Work request -> Go through the entries below and pick out every line with "shoe".
=-=-=-=-=
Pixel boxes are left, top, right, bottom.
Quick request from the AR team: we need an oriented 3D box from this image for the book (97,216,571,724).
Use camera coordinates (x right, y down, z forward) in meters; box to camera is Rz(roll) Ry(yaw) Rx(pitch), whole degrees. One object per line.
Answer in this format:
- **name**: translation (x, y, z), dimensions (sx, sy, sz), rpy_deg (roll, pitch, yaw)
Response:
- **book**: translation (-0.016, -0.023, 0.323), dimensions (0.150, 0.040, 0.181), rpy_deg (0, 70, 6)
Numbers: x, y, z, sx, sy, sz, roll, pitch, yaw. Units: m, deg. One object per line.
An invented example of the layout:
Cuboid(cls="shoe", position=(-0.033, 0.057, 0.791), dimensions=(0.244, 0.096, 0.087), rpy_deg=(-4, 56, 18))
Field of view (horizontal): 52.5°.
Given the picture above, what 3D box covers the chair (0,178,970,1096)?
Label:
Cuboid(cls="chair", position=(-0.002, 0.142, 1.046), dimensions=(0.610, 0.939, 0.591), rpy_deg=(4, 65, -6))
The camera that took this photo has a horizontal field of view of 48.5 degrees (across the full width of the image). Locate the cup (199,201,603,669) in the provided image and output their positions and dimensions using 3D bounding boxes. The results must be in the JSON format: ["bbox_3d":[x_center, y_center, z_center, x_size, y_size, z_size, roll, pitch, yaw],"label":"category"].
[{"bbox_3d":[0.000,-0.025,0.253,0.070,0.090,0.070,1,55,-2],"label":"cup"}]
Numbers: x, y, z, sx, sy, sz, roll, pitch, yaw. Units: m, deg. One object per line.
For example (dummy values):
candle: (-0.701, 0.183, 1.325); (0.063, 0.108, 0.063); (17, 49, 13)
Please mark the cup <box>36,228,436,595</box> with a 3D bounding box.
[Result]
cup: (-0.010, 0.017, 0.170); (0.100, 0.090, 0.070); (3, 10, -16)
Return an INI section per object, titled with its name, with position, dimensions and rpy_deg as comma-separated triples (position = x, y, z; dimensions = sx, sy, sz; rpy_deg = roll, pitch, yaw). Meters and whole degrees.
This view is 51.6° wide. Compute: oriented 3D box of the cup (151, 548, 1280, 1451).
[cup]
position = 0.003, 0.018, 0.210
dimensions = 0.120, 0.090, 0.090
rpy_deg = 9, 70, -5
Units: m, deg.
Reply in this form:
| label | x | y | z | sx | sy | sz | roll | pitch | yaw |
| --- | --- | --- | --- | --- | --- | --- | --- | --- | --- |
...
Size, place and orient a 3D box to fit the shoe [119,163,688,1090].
=-=-=-=-=
Answer to this exercise ->
Cuboid(cls="shoe", position=(-0.033, 0.057, 0.791), dimensions=(0.244, 0.096, 0.087), rpy_deg=(-4, 56, 18))
Size, place and orient a 3D box to fit the shoe [119,163,688,1090].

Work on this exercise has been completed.